In recent years, widespread availability of genotype data enabled computation of inbreeding from the diagonals of genomic relationship matrices, i.e., the “GRM” method (FGRM), as a by-product of genomic selection. Similarly, using the genotypes, the inbreeding coefficient can be computed based on excess of homozygosity following Wright (1948) (FHOM) [33] and based on correlation between uniting gametes following Wright (1922) (FUNI) [1]. The objective of the present study was to compare different estimators for inbreeding coefficients calculated from pedigree, 50k SNP chip genotypes and full sequence data with estimates based on ROH, for three different dairy cattle breeds.

Methods

SNP genotyping and sequencing

A total of 89 bulls with a high genetic contribution to current Danish dairy cattle populations were selected for whole-genome resequencing. These included 32 Holstein (HOL), 27 Jersey (JER), and 30 Danish Red Cattle (RDC) bulls. RDC cattle are a composite breed with contributions from different red breeds, including Swedish Red, Finnish Ayrshire, and Brown Swiss [34]. Only bi-allelic variants SNPs with a phred-scaled quality score [35] higher than 100 were kept for analysis to ensure the quality of variants. Genotypes were extracted from whole-genome sequence (WGS) data using GATK [36] and a perl script. The sequence variants with read depth lower than 7 or higher than 30 were filtered out. In addition, 85 of the sequenced animals were genotyped with the Illumina 50k SNP assay (BovineSNP50 BeadChip version 1 or 2, Illumina, San Diego, CA). SNP genotyping and quality control were as described by Höglund et al. [37]. Among the whole genome sequenced animals, 4 animals were not genotyped with the 50k SNP chip. Their genotypes for the SNPs on the 50k chip were extracted from their whole-genome sequences. The quality of genotype calls from SNP chips is expected to be higher than that of whole-genome sequences; therefore, only sequence variants with a high quality score (phred score > 100) were included. The corresponding corrections for reverse strand calls in the sequence data were converted to Illumina calls by correcting locus calling from reverse strands in Illumina calls to maintain consistency of allele encoding between Illumina calls and sequence data. The concordance between the SNP chip and sequence data was ~97 %.

Estimation of inbreeding

Using pedigree records (FPED)

Inbreeding coefficients for the 89 bulls were estimated using pedigree records (FPED). The average pedigree depth was ~8 generations ranging from 3 to 13. Average pedigree depth was 7, 8 and 9 for HOL, JER, and RDC, respectively. The method proposed by VanRaden [19] was used to compute inbreeding coefficients, which replaces unknown inbreeding coefficients by average inbreeding coefficients in the same generations. Inbreeding coefficients were calculated using the following formula [38]:

$$ {A}_{ii}={\displaystyle \sum_{j=1}^i}{L}_{ij}^2{D}_{jj}, $$

where \( {A}_{ii} \) is the i th diagonal element of the A matrix (pedigree relationship matrix), which is equal to the inbreeding coefficient of the i th animal plus 1. L is a lower triangular matrix containing the fraction of the genes that animals derive from their ancestors, and D is a diagonal matrix containing the within family additive genetic variances of animals [17]. The computation for matrix elements L ij and D jj follows the rule of computation of the A matrix [17]. The detailed decomposition for computing \( {A}_{ii} \) is explained by Meuwissen and Luo [17]. The analysis was conducted using Relax2 software [39].

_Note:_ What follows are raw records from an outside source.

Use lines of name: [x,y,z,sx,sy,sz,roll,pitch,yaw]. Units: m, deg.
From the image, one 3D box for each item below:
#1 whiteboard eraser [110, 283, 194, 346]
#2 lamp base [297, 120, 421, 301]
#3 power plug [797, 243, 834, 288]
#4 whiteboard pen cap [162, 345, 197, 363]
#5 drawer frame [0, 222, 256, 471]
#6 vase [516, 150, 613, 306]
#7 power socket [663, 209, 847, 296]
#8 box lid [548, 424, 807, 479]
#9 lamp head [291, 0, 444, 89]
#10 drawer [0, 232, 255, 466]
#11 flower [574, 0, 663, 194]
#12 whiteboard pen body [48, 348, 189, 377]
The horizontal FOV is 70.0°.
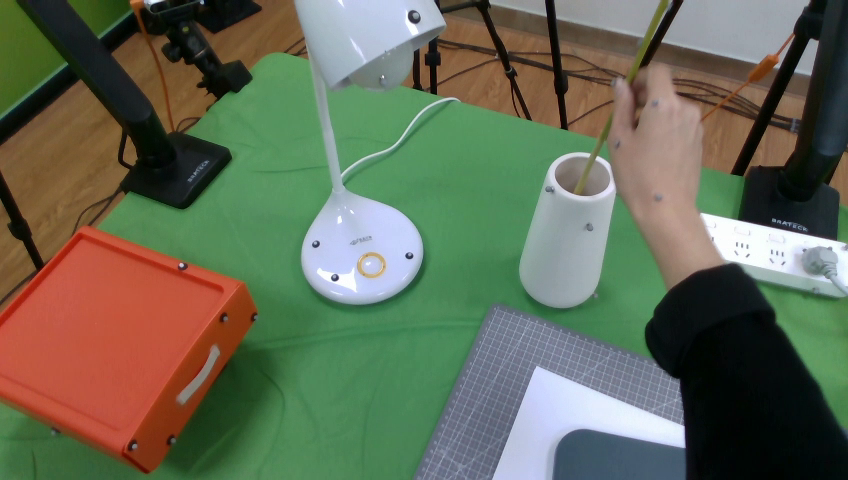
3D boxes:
whiteboard eraser: [-0.310,0.087,0.698,0.112,0.042,0.055,-15,58,29]
lamp base: [-0.094,-0.044,0.737,0.161,0.182,0.177,-27,54,-18]
power plug: [0.465,0.034,0.727,0.035,0.053,0.072,23,59,18]
whiteboard pen cap: [-0.262,0.123,0.651,0.033,0.018,0.018,-6,53,-7]
drawer frame: [-0.328,0.104,0.644,0.213,0.083,0.200,18,57,13]
vase: [0.160,-0.009,0.693,0.098,0.202,0.097,-1,52,2]
power socket: [0.426,0.014,0.772,0.226,0.033,0.072,14,56,11]
box lid: [0.229,0.357,0.533,0.263,0.015,0.368,9,55,8]
lamp head: [-0.060,-0.198,0.490,0.112,0.112,0.123,-34,97,-21]
drawer: [-0.322,0.103,0.640,0.211,0.074,0.193,18,57,14]
flower: [0.161,-0.113,0.516,0.044,0.364,0.038,4,57,0]
whiteboard pen body: [-0.321,0.128,0.641,0.141,0.017,0.017,-7,53,-5]

Using genotypes (FROH, FGRM, FHOM, FUNI)

Sequence data

ROH were detected from sequence data using all bi-allelic variants according to the method of Bosse et al. [23]. This method was used to compute ROH for sequence data instead of PLINK because not all short ROH can be detected using PLINK for sequence data (the sliding window size in PLINK is fixed; therefore, ROH shorter than a certain length cannot be detected). The measure of homozygosity based on ROH (FROH) from genomic data is defined as the total length of genome covered by ROH divided by the overall length of genome covered by SNPs or sequences as follows [20]:

$$ {\mathtt{F}}_{\mathtt{ROH}}=\frac{{\mathtt{L}}_{\mathtt{ROH}}}{{\mathtt{L}}_{\mathtt{AUTO}}}, $$

where LROH is the sum of ROH lengths and LAUTO is the total length of autosomes covered by reads. The inbreeding coefficient was calculated by extracting ROH from sequence data. Three ROH estimates based on lengths were calculated from sequence data. The ROH was calculated separately by summing the ROH in different length classes: 1) based on all ROH; 2) ROH >1 Mbp; 3) ROH >3 Mbp.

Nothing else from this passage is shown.